# Large Bucks



## Arisaka (Oct 3, 2005)

The number one reason people do not shoot large bucks is that they shoot the first buck they see


----------



## Ferg (Dec 17, 2002)

Arisaka said:


> The number one reason people do not shoot large bucks is that they shoot the first buck they see


Making a statment of fact? Or stating your opinion? Or just trying to start a flame war?

If it's a fact - the I guess that would make some guys more 'gun ho' than others???

maybe - 

ferg.... :yikes:


----------



## Pinefarm (Sep 19, 2000)

Arisaka, and hence the vicious cycle of why there'd be no larger bucks in that area.


----------



## Joe Archer (Mar 29, 2000)

Ahhhhhhh, A thread for prophetic revelations....

He who shot in pants have stinky underwear ....  
<----<<<


----------



## Arisaka (Oct 3, 2005)

LOL ! not trying to start a war just wanted to see what some other hunters think.


----------



## unclecbass (Sep 29, 2005)

Makes little sense when you have a combo license that requires at least four points on a side for your second buck.


----------



## Arisaka (Oct 3, 2005)

It does if a large buck was ready to come out when they shoot a spike??


----------



## William H Bonney (Jan 14, 2003)

The order in which you shoot 'em doesn't matter with a combo license.


----------



## tonyvan (Oct 4, 2002)

I think those who spend a lot of time in the field and are prepared well, do well in the field during season.


----------



## Arisaka (Oct 3, 2005)

My point is why waste a shot on a small buck when a big one could come in wether it is your first or second tag.


----------



## poz (Nov 12, 2004)

i thought all the big bucks fall to those single gun shots I hear around 6:45 every night I bow hunt. And the funny thing is that no matter where you hunt being upnorth or the SLP you never fail to hear these single shots.

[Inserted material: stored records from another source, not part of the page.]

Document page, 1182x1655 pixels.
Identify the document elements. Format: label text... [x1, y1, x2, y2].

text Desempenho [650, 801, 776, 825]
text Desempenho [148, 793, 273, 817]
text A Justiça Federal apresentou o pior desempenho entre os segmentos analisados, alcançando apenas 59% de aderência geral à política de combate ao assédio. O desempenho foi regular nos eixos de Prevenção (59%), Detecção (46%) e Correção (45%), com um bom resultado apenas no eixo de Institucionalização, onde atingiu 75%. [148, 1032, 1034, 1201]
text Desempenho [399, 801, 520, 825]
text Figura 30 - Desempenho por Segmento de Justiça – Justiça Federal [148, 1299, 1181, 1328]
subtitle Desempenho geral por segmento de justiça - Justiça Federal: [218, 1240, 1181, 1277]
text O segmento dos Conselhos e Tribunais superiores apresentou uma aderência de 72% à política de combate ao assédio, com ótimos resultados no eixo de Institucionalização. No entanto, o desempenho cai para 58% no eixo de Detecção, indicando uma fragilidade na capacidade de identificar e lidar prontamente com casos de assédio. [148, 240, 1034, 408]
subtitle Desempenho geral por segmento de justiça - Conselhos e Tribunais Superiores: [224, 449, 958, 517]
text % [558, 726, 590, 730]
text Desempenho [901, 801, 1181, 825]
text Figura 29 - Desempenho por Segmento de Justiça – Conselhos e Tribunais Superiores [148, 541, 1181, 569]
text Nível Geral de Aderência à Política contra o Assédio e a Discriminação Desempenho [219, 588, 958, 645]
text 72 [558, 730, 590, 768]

That's where all your big bucks go


----------



## wecker20 (Mar 10, 2004)

This is my second year passing on smaller bucks. Before, if it had horns it was down. Nothing wrong w/ it! I'm not looking for a b/c buck, just a trophy by my standards. I would also like to see better buck to doe ratios and maybe actually see good rut activity.


----------



## boehr (Jan 31, 2000)

Arisaka said:


> My point is why waste a shot on a small buck when a big one could come in wether it is your first or second tag.

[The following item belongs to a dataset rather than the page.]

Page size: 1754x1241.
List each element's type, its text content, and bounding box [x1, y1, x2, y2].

Because I don't have a frying pan big enough to fry up the big antlers. :lol:


----------



## Arisaka (Oct 3, 2005)

Shoot a doe


----------



## Arisaka (Oct 3, 2005)

poz said:


> i thought all the big bucks fall to those single gun shots I hear around 6:45 every night I bow hunt. And the funny thing is that no matter where you hunt being upnorth or the SLP you never fail to hear these single shots.
> 
> That's where all your big bucks go


Yep pure scum,but I'd bet most the deer they shoot are small.


----------



## Arisaka (Oct 3, 2005)

If the rules were changed to 4 points on one side min. for all bucks in 3 years we would have nice bucks for everyone.


----------



## Sib (Jan 8, 2003)

Link for the Coldwater Species Forum:
http://www.michigan-sportsman.com/forum/forumdisplay.php?f=14
Most of the trolling discussion goes on there.
:lol:


----------



## Arisaka (Oct 3, 2005)

wecker20 said:


> This is my second year passing on smaller bucks. Before, if it had horns it was down. Nothing wrong w/ it! I'm not looking for a b/c buck, just a trophy by my standards. I would also like to see better buck to doe ratios and maybe actually see good rut activity.


I've shot my share of small bucks,but have passed on them for the last 5 years they just don't do it for me anymore seems like a waste,would rather shoot a mature deer.If I want a eater I would get a doe tag.The only way to get big deer is to let them get old,no other way that I know of.


----------



## Sib (Jan 8, 2003)

Arisaka said:


> If I want a eater I would get a doe tag.


Nothing wrong with that, but what do you tell the firearm hunter that doesn't have any antlerless tags available in their region?


----------



## Arisaka (Oct 3, 2005)

They have the right to shoot any legal buck,it will only hurt there chances of seeing large deer if you shoot the young.


----------